Though Gov. Patrick didn’t mention the idea in his prepared remarks at today’s press conference, Transportation Secretary Jim Aloisi told Blue Mass Group that the administration plans to try out a VMT (“vehicle miles traveled”) tax as an alternative to a gas tax. The rationale is that a tax on distances traveled is more stable, in the long run, than a tax tied to fuel consumption.
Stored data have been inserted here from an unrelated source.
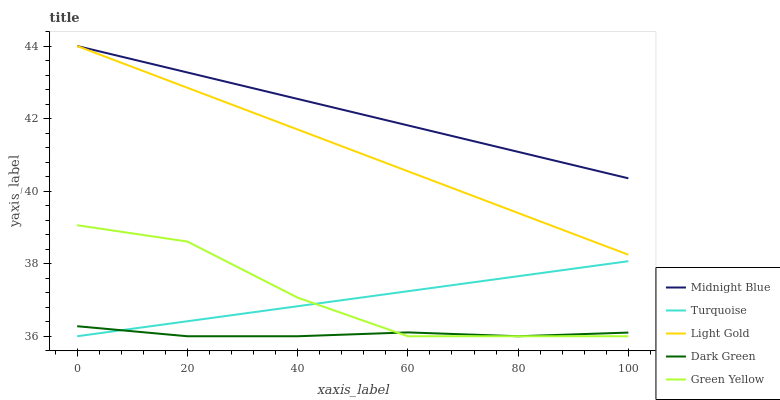Does Green Yellow have the minimum area under the curve?
Answer yes or no. No. Does Green Yellow have the maximum area under the curve?
Answer yes or no. No. Is Green Yellow the smoothest?
Answer yes or no. No. Is Light Gold the roughest?
Answer yes or no. No. Does Light Gold have the lowest value?
Answer yes or no. No. Does Green Yellow have the highest value?
Answer yes or no. No. Is Green Yellow less than Light Gold?
Answer yes or no. Yes. Is Midnight Blue greater than Dark Green?
Answer yes or no. Yes. Does Green Yellow intersect Light Gold?
Answer yes or no. No.

That is, even if the gas tax automatically rises with inflation, as Patrick proposes, revenue would decline sharply as people switch to more fuel-efficient cars. (The gas tax is arguably another “sin tax” in the sense that more bad behavior — smoking, drinking, gambling, and driving Hummers to convenience stores — means more money for the government.)
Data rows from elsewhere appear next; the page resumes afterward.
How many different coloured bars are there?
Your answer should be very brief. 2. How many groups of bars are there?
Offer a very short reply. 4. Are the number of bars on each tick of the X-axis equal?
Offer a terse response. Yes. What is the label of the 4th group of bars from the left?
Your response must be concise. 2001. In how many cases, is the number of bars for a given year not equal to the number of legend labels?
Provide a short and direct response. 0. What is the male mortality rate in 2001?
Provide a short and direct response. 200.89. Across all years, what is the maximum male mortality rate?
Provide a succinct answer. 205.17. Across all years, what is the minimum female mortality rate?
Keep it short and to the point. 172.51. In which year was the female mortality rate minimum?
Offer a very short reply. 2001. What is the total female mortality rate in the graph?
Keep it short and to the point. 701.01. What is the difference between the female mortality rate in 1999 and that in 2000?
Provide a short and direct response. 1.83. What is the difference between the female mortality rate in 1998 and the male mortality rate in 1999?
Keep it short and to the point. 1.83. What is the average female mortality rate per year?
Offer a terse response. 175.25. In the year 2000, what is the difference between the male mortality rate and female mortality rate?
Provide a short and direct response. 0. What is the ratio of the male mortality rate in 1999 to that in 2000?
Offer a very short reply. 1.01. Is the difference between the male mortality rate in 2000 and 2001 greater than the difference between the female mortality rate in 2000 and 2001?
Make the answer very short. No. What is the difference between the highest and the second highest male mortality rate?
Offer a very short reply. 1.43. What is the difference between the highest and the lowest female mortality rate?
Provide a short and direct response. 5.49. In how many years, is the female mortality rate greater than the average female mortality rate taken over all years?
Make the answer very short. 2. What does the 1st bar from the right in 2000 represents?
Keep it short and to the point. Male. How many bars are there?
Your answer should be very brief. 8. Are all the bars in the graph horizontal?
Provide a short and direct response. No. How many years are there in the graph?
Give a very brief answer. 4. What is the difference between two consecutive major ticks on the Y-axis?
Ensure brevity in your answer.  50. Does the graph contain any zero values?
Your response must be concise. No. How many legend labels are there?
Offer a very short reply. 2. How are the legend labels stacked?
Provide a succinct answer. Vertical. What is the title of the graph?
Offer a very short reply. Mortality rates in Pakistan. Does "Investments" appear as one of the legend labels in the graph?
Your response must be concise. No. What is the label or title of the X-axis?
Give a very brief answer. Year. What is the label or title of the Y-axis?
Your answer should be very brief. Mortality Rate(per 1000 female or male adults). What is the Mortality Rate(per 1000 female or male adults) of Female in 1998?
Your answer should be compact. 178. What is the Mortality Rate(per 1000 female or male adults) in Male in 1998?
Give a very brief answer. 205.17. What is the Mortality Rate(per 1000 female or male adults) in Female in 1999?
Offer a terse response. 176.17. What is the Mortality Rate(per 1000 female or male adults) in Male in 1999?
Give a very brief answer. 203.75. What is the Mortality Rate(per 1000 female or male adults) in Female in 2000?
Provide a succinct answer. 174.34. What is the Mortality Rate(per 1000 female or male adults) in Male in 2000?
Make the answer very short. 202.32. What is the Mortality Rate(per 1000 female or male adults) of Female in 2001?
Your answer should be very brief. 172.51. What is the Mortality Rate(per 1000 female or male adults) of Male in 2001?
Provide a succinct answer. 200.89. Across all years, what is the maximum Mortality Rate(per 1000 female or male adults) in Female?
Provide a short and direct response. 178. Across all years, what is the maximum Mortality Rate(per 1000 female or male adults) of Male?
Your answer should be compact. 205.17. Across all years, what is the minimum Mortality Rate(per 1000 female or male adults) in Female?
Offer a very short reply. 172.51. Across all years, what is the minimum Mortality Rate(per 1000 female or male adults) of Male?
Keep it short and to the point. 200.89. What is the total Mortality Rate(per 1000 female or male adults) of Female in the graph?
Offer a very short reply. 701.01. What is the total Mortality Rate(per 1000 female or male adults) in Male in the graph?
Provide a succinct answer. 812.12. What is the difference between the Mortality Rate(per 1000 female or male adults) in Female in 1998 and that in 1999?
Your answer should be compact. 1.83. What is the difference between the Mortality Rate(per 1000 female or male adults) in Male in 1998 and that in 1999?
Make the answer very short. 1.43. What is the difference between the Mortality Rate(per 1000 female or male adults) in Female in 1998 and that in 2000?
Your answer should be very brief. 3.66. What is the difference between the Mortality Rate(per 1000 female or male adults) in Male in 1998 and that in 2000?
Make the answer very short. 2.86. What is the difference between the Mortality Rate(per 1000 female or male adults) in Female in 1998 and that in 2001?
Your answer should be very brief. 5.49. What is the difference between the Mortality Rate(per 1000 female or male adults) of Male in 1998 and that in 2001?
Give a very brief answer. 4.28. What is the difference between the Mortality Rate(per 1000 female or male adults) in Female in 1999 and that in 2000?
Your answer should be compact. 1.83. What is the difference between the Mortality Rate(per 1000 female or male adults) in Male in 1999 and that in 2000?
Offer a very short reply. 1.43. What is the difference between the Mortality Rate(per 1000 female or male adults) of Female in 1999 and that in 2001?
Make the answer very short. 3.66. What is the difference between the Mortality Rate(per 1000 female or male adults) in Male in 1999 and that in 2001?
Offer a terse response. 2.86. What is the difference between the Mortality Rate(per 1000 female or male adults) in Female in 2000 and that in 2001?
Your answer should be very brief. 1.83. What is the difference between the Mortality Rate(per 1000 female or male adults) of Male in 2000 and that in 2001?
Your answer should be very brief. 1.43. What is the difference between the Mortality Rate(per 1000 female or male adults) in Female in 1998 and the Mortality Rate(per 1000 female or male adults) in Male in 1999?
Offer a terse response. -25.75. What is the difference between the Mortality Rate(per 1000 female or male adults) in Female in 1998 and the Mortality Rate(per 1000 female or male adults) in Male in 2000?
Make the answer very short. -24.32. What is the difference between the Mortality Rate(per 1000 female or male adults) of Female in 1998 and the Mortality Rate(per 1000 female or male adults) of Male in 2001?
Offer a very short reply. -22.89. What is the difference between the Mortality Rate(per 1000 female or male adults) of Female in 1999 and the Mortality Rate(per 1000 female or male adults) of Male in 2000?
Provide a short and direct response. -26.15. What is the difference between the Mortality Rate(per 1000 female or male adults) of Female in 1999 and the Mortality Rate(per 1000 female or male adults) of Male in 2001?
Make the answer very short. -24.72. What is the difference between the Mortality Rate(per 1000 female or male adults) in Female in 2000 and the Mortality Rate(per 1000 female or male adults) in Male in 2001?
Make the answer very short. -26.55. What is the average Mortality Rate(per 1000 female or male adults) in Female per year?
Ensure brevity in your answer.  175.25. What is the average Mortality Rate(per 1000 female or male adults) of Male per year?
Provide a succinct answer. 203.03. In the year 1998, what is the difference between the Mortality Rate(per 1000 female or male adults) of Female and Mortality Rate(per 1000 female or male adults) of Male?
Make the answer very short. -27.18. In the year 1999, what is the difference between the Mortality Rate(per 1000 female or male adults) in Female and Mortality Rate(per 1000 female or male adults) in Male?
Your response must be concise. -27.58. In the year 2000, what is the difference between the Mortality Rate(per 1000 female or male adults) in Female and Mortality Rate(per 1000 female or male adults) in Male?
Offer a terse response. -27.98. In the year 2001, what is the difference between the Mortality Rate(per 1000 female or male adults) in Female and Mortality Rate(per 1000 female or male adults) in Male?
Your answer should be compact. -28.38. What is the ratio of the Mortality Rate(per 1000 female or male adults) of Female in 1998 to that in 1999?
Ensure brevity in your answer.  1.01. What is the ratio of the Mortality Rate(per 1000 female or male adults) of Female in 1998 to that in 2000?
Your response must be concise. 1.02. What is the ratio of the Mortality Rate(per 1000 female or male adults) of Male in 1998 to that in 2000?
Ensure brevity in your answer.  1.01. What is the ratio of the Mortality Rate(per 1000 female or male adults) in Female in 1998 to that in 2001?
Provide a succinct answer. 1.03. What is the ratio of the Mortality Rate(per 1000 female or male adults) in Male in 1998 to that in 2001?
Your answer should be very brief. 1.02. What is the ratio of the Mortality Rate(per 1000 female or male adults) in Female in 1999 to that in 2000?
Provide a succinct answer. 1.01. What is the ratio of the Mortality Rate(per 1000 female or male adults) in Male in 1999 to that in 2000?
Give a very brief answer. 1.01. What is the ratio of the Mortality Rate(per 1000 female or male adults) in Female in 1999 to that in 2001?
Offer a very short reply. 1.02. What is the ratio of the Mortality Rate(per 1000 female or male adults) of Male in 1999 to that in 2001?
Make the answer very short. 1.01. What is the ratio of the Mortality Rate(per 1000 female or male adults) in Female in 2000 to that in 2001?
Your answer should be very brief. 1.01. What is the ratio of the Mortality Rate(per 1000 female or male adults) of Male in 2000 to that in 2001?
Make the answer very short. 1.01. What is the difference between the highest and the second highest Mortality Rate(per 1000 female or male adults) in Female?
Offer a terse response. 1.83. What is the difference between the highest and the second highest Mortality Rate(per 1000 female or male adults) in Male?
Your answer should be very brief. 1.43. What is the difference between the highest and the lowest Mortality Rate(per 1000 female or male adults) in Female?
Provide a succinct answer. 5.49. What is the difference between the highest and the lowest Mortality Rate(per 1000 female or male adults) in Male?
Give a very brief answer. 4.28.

Ezra Klein agrees, calling the VMT “less galling for taxpayers” than a gas levy (even if it’s more frightening to some civil libertarians). But Matt Ygelsias calls the idea “off-base,” and a poor substitute for a gas tax or a congestion tax (and everyone knows how popular congestion taxes are):
When it comes to pricing driving-related activities, it makes sense to charge people from things that actually impose costs on others—burning gasoline, and taking up space on crowded roads—not the mere act of driving.
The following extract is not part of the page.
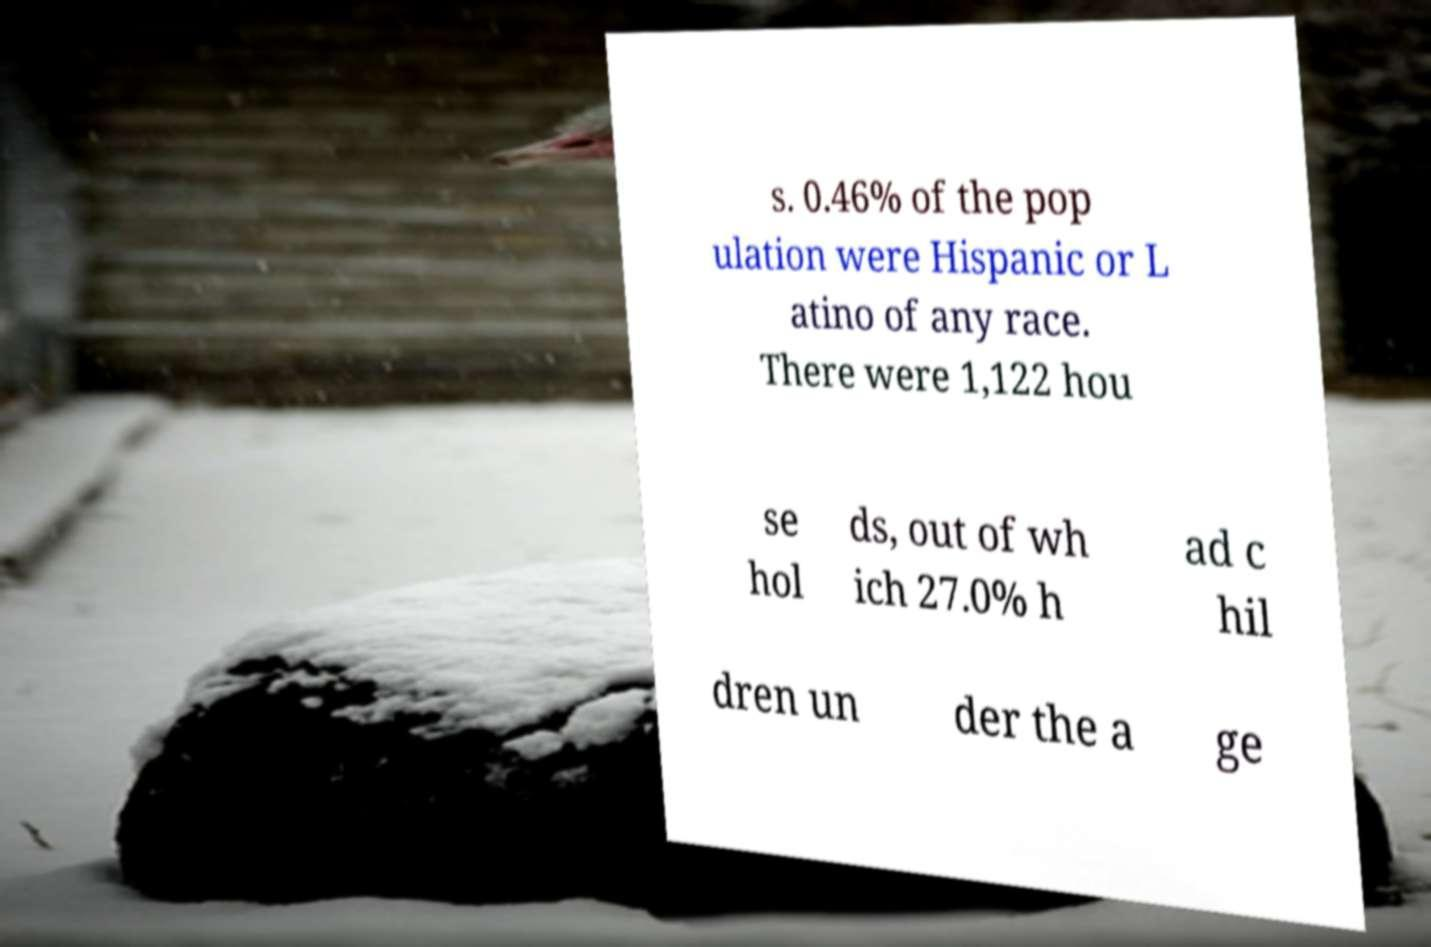Could you extract and type out the text from this image? s. 0.46% of the pop ulation were Hispanic or L atino of any race. There were 1,122 hou se hol ds, out of wh ich 27.0% h ad c hil dren un der the a ge

A guy who drives an SUV along a 25-mile stretch of the Beltway at peak morning rush hour is imposing a lot more negative externalities on his fellow citizens than is a guy driving a Prius 50 miles in the middle of the night on the outskirts of Albuquerque.
Aliosi did tell Blue Mass Group that a VMT pilot program would include anti-congestion measures, such as “peak pricing,” which would indeed address those negative externalities. Of course, that would also make the VMT plan more complex and would require the government to collect more data on driving habits (noting odometer changes wouldn’t be sufficient), so it would probably attract more political opposition.